Lucio parecía haber recrudecido su odio hacia mí, lo noté mirar hacia los lados, olfatear el aire y escuchar con atención. Quise creer que esa reacción era parte de su trabajo impuesto y no un intento por escapar o llamar al resto de su manada. Quería decirle que lo sentía, que podía contar conmigo, pero la cobardía de saberme una cazadora de su especie me lo impedía. Un conspirador no debía simpatizar con los engendros, ese era el lema que debíamos llevar en nuestra mente y por lo que habíamos jurado proteger a la humanidad. Nos enseñaban que, primero, éramos nosotros, nunca ellos. Los engendros eran la escoria del mundo, no merecían nuestro respeto. Nos habían inculcado mucha basura más al trabajar para La Hacienda. Juan nunca siguió al pie de la letra esas directrices. Yo pensaba hacer lo mismo.
—¿Sabías lo que nos iban a hacer? —Silvestre estaba de pie frente a mí. Choqué contra su pecho antes de darme cuenta.
—¿Qué? —Confundida, di un paso hacia atrás.
—¿Conocías el dispositivo que nos implantaron? —repitió la pregunta y caí en la cuenta de lo que se refería.
—No. Fue la primera vez que lo vi —le respondí con calma, pero con cierta vergüenza al reconocer que La Hacienda, no nos contaba todo lo que traía entre manos.
«Aunque no tendría que sorprenderme».
—Mmm… te voy a creer. —Bajó la mirada y se apoyó contra un auto.
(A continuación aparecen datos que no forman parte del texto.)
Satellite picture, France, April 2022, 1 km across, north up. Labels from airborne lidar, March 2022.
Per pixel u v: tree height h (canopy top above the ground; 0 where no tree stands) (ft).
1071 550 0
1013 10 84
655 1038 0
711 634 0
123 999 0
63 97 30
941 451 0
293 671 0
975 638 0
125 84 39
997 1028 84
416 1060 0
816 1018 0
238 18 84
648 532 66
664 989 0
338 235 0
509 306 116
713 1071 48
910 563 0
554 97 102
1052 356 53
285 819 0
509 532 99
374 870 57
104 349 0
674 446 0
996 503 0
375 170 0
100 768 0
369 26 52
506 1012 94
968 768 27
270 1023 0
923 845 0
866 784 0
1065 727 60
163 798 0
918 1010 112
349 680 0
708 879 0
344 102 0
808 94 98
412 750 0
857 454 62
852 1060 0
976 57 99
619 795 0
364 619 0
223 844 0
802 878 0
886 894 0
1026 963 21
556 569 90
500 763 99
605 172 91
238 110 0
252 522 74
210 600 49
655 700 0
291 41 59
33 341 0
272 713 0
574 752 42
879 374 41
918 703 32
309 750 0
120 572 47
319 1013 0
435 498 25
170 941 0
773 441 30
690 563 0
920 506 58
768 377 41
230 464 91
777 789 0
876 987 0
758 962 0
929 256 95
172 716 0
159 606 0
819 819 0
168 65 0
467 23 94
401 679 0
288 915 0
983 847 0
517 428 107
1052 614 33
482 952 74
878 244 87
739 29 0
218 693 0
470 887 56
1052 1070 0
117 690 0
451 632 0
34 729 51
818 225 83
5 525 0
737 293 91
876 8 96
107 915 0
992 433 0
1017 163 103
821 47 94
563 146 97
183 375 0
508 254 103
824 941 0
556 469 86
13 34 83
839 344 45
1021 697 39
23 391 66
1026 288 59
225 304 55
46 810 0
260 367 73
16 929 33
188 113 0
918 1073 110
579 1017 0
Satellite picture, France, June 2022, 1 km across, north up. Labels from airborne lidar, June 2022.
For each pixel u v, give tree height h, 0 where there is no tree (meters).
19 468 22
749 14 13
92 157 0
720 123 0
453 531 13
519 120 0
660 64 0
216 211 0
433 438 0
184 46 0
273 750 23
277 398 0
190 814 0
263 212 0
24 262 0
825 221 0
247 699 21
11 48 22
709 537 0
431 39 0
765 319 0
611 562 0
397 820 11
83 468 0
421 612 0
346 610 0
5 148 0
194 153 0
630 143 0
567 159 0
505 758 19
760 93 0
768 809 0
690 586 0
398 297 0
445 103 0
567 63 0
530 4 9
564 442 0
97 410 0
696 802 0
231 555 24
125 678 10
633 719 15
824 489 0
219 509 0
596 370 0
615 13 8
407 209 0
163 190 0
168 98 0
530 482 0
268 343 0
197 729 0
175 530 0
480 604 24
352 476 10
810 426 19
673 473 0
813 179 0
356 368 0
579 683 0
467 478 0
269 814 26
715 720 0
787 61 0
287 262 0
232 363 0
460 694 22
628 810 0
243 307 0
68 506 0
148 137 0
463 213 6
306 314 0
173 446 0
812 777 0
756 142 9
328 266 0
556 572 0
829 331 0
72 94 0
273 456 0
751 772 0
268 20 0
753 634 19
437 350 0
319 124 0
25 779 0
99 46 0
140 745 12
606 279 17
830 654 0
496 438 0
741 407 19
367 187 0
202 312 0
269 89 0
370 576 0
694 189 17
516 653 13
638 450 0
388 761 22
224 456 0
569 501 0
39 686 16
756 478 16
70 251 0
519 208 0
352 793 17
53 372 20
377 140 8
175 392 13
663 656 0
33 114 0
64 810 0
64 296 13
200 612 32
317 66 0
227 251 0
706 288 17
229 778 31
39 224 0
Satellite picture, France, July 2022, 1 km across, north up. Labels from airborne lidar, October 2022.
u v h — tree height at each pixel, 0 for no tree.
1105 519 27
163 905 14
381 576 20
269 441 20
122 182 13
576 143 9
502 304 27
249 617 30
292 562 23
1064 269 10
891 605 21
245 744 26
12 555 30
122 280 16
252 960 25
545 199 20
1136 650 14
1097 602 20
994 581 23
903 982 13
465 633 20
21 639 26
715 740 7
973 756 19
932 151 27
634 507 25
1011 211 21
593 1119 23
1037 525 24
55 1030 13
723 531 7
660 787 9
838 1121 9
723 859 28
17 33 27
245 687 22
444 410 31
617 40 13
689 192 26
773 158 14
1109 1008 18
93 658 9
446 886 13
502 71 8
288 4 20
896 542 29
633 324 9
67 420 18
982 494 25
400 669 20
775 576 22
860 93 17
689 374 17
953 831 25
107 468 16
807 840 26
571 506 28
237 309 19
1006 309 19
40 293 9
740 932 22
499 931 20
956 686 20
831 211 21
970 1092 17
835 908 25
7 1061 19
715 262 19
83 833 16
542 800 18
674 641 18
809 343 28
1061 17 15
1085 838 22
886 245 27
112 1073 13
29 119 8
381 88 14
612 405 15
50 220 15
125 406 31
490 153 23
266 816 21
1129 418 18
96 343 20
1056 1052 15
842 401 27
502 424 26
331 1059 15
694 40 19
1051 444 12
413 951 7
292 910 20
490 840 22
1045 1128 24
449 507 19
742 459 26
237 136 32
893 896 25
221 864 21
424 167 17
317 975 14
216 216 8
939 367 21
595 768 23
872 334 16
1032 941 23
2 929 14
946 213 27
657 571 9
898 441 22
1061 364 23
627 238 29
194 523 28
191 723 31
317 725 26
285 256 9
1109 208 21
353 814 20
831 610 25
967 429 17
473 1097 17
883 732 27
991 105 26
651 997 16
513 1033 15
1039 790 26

—Claro. Gracias por el voto de confianza. —Hice lo posible para que mi sarcasmo se notara—. No necesito que me creas. Juan no necesitaba un creyente.
Silvestre me miró con tristeza.
—Es bueno ver cómo te aferrás a su persona todavía hoy. —Se frotó las manos y las puso en los bolsillos del pantalón—. Por más que no esté, seguís pensando en él como tu verdadero mentor.